2) Angular momentum = velocity cross position
This is better, because the rotation invariance is now
manifest. The law is written without mentioning anybody's
coordinate system.
However, the physics has a left/right symmetry that is
not manifest. You can't draw the cross product without
invoking a Right-Hand rule. But I emphasize that the
physics is still left/right symmetric!!!! The law is
just written in a misleading form.
3) Angular momentum = velocity wedge position
This is now manifestly left/right symmetric. You
can draw the wedge product in the plane, without
referring to anybody's notion of left versus right.
In fact, this definition works just fine in D=2
flatland, for which no left/right distinction can
possibly be defined. (To see this, imagine looking from
above at the flatland silhouette of a left-handed glove:
if you look at it from below it becomes right-handed.
Since in a truly flat flatland you can't define the
concepts of "above" and "below", you can't define any
reliable notion of left-handed versus right-handed.)
Of course the wedge product is manifestly rotationally
invariant, so we're OK in that department, too.
======
To summarize:
++ writing a cross product or wedge product is better
than writing out the components, because the product
is manifestly rotationally invariant, whereas the
components are not.
-- the cross product doesn't exist in D=2
-- the cross product conceals the left/right invariance
of the real physics in D=3
-- the cross product is almost never what you want
in D=1+3 spacetime.
++ the wedge product works just fine in D=2, D=3, and
D=1+3. It looks the same and means the same in all cases.
++ The wedge product allows a left/right symmetric law
to be written in a way that looks left/right symmetric.
=======================
No law of physics (still excluding weak nuclear interactions)

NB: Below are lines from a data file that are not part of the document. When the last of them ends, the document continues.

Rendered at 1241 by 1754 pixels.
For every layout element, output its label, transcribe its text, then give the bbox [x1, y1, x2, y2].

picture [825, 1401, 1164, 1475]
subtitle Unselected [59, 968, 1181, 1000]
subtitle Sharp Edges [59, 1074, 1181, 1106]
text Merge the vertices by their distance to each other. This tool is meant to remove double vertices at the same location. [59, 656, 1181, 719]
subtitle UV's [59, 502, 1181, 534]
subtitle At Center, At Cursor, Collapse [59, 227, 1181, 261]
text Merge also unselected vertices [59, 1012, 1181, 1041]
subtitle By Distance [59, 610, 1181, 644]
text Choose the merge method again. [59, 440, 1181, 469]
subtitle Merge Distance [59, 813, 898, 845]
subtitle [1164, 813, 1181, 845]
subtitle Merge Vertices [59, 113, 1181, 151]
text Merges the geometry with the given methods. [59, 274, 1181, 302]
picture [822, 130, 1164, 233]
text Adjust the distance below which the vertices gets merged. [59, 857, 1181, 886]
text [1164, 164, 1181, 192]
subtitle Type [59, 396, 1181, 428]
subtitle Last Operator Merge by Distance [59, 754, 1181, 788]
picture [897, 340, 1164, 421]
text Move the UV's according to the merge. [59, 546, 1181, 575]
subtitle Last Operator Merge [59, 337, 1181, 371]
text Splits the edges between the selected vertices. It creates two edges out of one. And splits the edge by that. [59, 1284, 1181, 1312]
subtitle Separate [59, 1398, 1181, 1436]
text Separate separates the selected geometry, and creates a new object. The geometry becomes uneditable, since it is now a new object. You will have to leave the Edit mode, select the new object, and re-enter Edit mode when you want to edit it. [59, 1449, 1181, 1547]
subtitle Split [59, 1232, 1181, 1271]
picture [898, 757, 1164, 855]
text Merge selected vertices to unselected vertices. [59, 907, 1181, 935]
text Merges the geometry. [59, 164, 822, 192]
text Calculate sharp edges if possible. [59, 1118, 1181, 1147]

can make a prediction based on _one_ application of the cross
product or any other RH rule. The observable predictions always
involve _pairs_ of RH rules, so that the second one undoes the
mischief done by the first one. Example: the magnetic field
pseudovector B is defined using a cross product; this is undone
by the cross product that appears in the Lorentz force law.

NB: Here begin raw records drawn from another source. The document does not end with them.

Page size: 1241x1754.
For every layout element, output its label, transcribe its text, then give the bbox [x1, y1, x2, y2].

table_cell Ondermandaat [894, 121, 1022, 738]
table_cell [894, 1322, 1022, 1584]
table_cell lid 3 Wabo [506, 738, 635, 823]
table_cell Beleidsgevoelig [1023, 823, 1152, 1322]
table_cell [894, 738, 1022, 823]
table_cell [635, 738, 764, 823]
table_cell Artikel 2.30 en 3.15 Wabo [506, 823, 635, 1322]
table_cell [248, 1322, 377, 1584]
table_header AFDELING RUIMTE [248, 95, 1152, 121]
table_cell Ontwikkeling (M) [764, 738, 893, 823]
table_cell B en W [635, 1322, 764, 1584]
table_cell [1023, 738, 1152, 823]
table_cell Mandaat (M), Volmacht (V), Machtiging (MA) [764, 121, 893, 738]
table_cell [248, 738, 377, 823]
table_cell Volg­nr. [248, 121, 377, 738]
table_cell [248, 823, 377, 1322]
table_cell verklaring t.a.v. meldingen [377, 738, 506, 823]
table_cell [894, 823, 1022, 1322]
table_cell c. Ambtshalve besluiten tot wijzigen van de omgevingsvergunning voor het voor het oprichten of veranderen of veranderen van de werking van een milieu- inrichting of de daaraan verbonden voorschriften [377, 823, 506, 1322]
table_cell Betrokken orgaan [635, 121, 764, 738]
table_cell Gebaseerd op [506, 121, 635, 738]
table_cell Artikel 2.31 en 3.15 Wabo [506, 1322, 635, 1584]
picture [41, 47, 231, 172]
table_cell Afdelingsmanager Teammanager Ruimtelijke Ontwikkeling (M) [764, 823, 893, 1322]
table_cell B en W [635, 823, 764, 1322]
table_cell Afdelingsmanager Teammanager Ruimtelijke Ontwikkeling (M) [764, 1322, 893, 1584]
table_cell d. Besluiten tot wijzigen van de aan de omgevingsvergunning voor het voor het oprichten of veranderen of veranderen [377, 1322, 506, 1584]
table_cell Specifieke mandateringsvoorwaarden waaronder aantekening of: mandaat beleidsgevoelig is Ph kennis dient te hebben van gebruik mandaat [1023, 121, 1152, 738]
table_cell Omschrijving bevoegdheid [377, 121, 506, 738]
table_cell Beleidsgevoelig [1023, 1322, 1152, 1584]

The Clifford Algebra approach doesn't represent magnetism by
a pseudovector (but rather by a bivector), doesn't use cross
products in the Maxwell equations, and doesn't use cross products
in the Lorentz force law.
You can write down the axioms of Clifford Algebra without
specifying a handedness.
You have the option of _extending_ this by specifying the
handedness, e.g. by sorting the basis vectors into an ordered list,
but you don't have to (unless you are describing weak nuclear
processes); the unhanded version just treats the basis vectors
as an unordered set.
The unit pseudoscalar (i) is chiral in D=3 and higher. But I'm
claiming that almost all the laws of physics (i.e. all except
weak nuclear processes) can be written without using any such
critter. The axioms of Clifford Algebra permit but do not require
the construction of any such critter.
==================
For further reading:
The Feynman Lectures on Physics, volume III chapter 17